BEGIN Record extracts

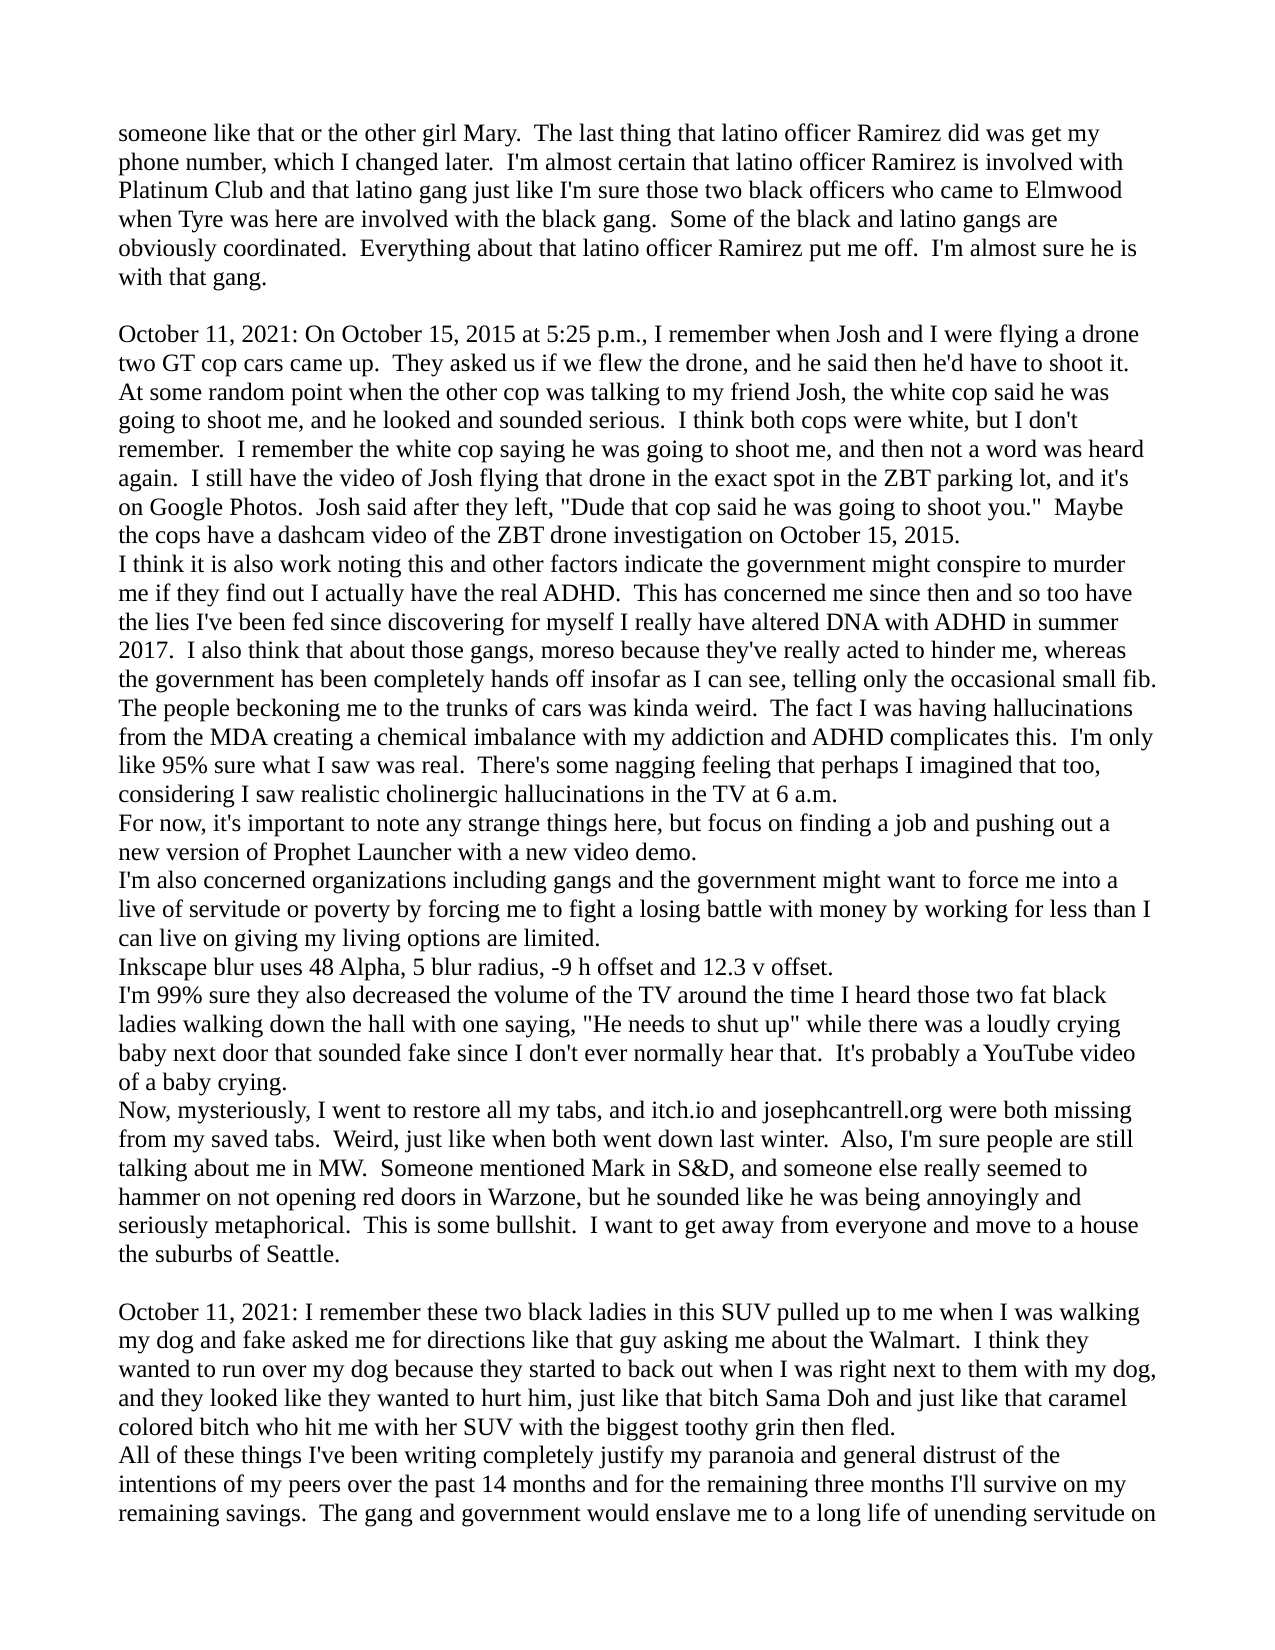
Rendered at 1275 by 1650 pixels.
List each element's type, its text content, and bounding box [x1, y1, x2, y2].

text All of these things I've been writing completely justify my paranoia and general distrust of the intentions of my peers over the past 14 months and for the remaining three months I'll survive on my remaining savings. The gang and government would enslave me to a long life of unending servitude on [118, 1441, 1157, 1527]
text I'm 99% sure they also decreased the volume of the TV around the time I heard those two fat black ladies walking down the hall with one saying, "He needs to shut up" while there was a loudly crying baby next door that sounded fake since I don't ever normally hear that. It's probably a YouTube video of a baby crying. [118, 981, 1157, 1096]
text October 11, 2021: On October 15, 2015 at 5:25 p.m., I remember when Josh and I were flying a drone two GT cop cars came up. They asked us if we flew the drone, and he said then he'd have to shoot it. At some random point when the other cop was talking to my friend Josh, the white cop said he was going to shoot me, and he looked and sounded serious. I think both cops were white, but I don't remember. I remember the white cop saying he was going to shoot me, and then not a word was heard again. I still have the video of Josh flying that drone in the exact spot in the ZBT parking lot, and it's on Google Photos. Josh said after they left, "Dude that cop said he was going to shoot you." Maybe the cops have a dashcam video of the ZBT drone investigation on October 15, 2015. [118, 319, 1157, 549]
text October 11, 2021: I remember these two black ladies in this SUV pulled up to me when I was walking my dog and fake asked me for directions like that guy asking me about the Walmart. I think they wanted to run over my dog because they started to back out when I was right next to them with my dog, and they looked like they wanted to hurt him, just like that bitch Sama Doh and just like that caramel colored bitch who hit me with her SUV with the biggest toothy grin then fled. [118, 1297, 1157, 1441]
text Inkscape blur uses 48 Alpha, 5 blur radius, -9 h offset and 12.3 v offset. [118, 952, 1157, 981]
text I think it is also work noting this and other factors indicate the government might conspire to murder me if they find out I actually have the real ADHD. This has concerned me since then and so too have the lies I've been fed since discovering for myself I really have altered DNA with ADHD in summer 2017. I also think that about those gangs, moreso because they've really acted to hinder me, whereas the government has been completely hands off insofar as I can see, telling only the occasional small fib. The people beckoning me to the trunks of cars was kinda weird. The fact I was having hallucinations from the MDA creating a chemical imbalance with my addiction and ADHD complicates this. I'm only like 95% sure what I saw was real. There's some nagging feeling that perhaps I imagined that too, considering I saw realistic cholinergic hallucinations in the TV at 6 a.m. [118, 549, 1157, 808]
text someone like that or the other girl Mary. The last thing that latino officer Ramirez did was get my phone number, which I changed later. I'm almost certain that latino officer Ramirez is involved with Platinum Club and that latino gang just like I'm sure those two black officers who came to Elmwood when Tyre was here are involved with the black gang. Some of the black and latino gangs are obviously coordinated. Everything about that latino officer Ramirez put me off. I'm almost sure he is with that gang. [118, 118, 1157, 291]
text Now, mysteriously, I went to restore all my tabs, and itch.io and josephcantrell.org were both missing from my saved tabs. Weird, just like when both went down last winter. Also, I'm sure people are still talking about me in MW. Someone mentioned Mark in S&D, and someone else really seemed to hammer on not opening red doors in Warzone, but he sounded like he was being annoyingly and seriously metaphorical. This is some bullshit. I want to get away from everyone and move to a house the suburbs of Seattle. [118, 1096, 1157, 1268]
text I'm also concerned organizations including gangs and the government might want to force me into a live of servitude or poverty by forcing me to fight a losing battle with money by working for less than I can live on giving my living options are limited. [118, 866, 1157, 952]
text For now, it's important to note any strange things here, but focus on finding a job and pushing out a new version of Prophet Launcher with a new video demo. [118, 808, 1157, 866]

END Record extracts
BEGIN Record extracts

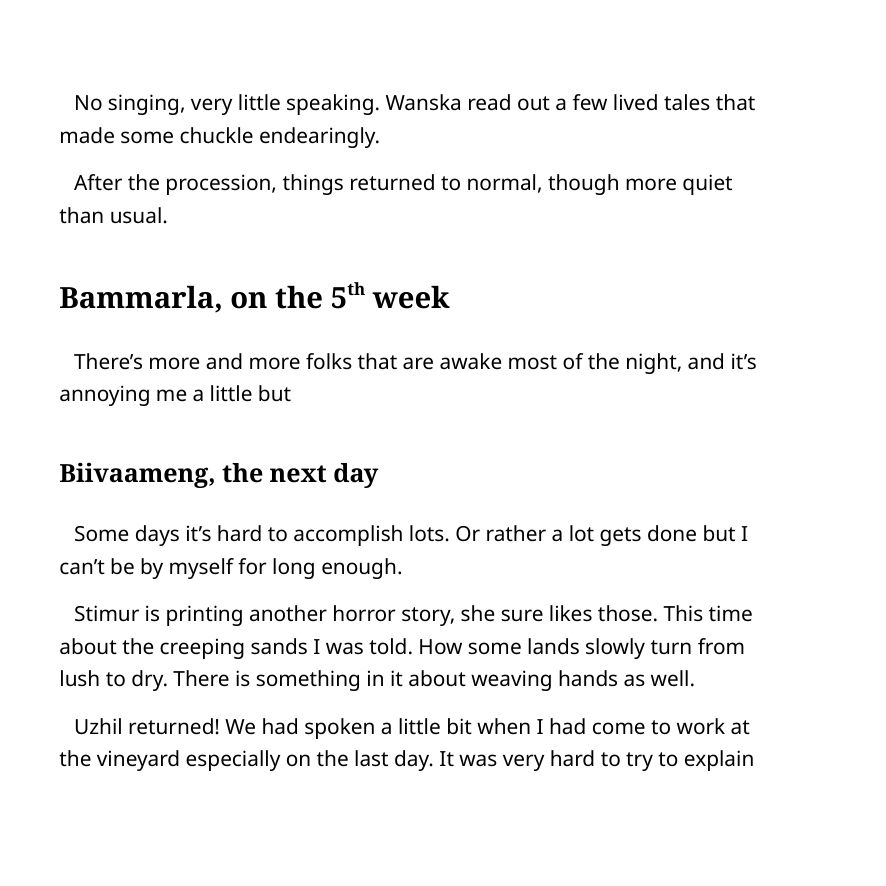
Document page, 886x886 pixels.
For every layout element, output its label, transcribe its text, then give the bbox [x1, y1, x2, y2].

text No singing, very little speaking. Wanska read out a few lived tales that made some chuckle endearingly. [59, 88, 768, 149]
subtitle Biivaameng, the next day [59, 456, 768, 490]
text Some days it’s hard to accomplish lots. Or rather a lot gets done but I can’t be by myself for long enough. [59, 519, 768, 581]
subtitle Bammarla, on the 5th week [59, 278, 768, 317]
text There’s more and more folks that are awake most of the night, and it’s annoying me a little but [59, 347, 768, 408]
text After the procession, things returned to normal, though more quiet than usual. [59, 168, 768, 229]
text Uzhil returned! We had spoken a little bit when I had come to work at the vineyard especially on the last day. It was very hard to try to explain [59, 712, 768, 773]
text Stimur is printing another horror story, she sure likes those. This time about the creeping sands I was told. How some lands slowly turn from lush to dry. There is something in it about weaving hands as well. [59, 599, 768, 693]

END Record extracts

▸ **Assignment**
How many lines of these entries contain the string "pixels"? Reply with the number alone.

▸ **Solution**
2